DATE: Friday, June 13, 1997 TAG: 9706110120 SECTION: PORTSMOUTH CURRENTS PAGE: 02 EDITION: FINAL COLUMN: IDA KAY'S PORTSMOUTH SOURCE: Ida Kay Jordan LENGTH: 68 lines
Got a complaint about trash on your street?
Or an idea about making your neighborhood beautiful?
Are you interested in volunteering your skills to help landscape some of the city's schools?
Or is your forte working as a volunteer to teach young people the importance of helping keep the city and its waterways clean?
Well, Claudia Cox-Wynn, the city's new clean community coordinator, wants to hear from you. She's the center of all the city's efforts to clean and beautify, and she already has hit the ground running in her new job.
On Saturday, for the first time in a number of years, a citywide coordinated effort will be made for Clean the Bay Day.
``I was late getting started, of course, but we're lucky because we have the Navy and the Coast Guard who want to help,'' she said.
Having a coordinator will make a difference, said Jim Gildea, the city's planning director.
``When the city did a major downsizing two or three years ago, the job was eliminated, and the tasks were given to a number of other people,'' he said. ``The public never knew who to call, and we had no way to mobilize volunteers. Claudia is rapidly changing that.''
Gildea said there's no way to have an effective clean community effort without having a single individual as the focal point.
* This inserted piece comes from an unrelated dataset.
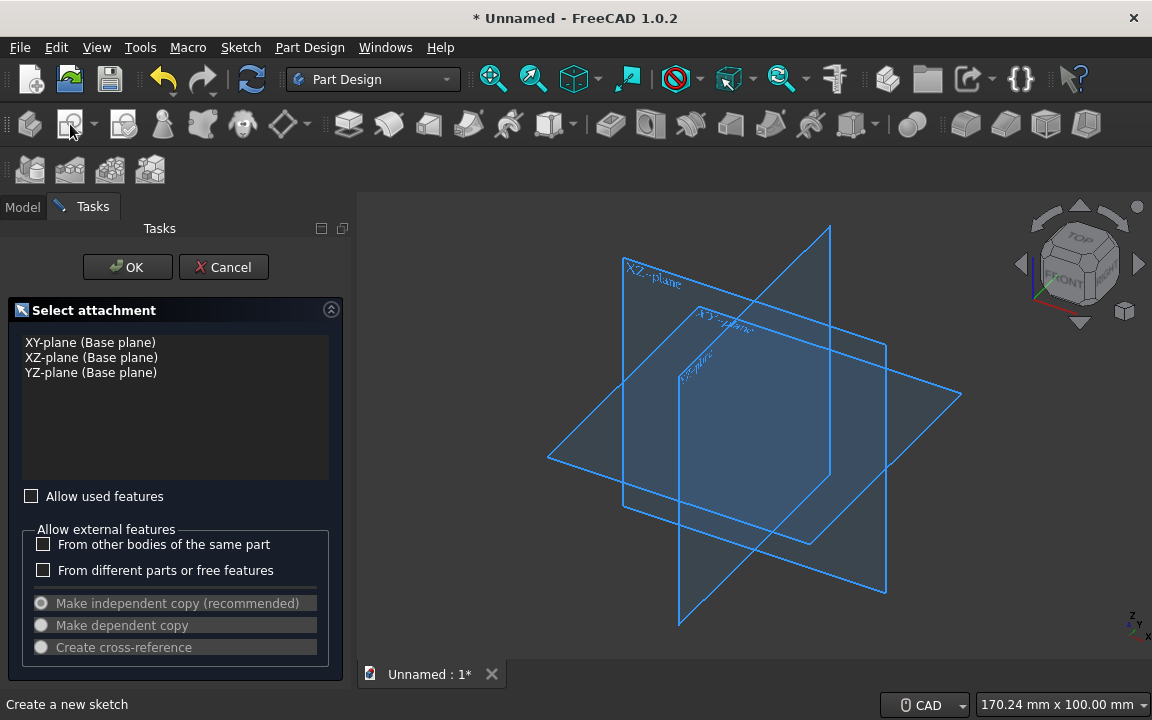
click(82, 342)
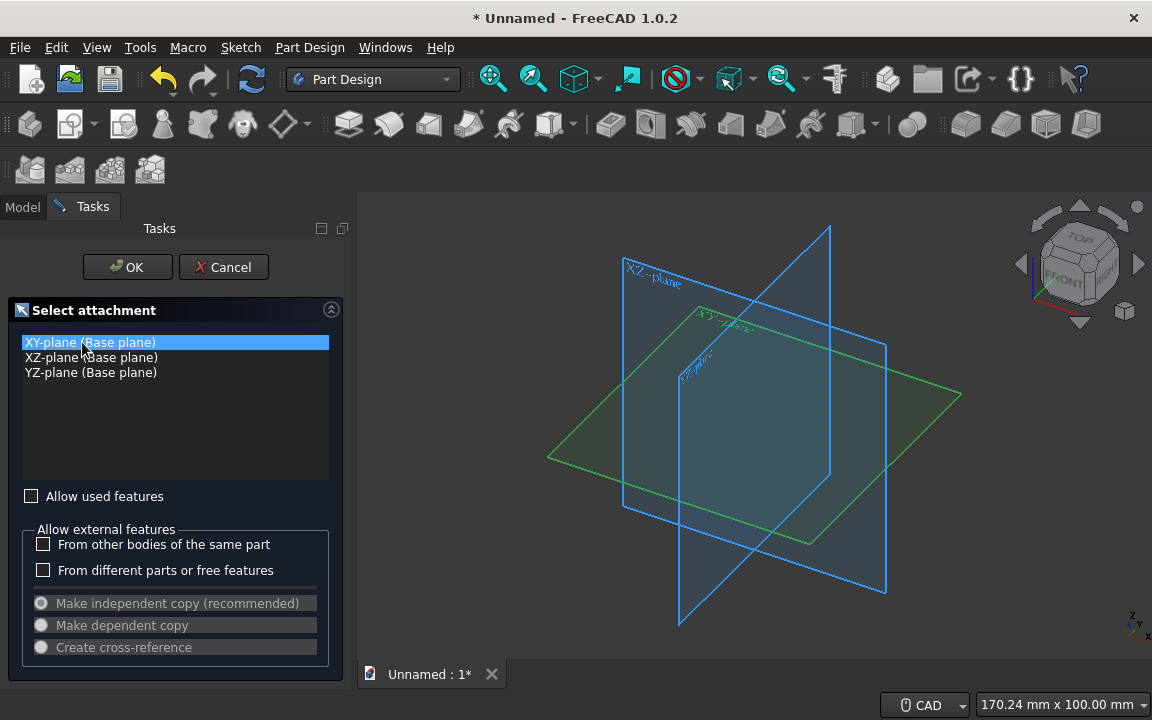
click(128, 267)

``She will be able to coordinate city resources and organize citizens,'' he said.
City Council will appoint a volunteer Clean Community Commission to back up the new coordinator. A total of 27 members will represent each of the city's nine planning districts equally. They will be the community liaisons.
Cox-Wynn has been impressed with the attitudes of people, she said.
``The first day I was here I got a call from citizens who wanted to clean up around the Dinwiddie Hotel, and then a group from the Naval Hospital called last week and offered to clean up the area around Portside,'' she said. ``Everybody is supportive of the cleanup effort.''
Aside from specific neighborhoods, she also wants to mobilize more people in the city for major regional and national efforts such as Earth Day and Clean the Bay Day.
``From now on, we're not going to miss any of those things,'' she said.
Cox-Wynn, a Portsmouth native who has been living and working in Washington, D.C., said she has ``special love and special pride in Portsmouth.''
``I come here with a new prospective,'' she said. ``I think the city is looking fantastic, and I see the energy that is building.''
She has a really personal motivation, she said. Her grandfather, Dock Leathers, died in April at age 92. He was a Naval Shipyard worker, and many years ago he bought a home in Brighton, where he lived until his death.
``When I came home for his services, it hurt my feelings to see the trash in his neighborhood,'' she said. ``So many people seem to have lost interest, and so many buildings are boarded up.''
She wants to do something about that neighborhood and all the others in the city, she said.
She also is particularly interested in working with students to create an awareness among them of beauty and cleanliness.
Her first priority is creating an awareness among citizens of what can be done. She also wants citizens to call her to tell her what needs to be done.
Although it is not yet in service, Cox-Wynn said she will have a hot line with voice mail, so citizens can call and report problems and, if possible, give her some clues as to the cause of the problems.